→ Exercise requirements
Please return every record exactly as written, leaving out the pictures.

Source data:
# # #

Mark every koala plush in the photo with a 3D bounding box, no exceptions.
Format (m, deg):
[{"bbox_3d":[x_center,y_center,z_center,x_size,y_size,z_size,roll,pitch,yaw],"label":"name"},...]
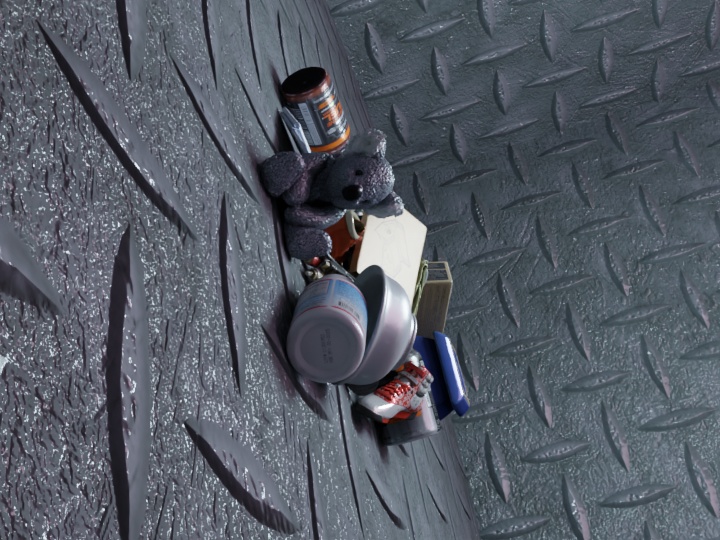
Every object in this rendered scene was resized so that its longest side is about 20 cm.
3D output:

# # #

→ Answer box
Mark every koala plush in the photo with a 3D bounding box, no exceptions.
Format (m, deg):
[{"bbox_3d":[x_center,y_center,z_center,x_size,y_size,z_size,roll,pitch,yaw],"label":"name"},...]
Every object in this rendered scene was resized so that its longest side is about 20 cm.
3D output:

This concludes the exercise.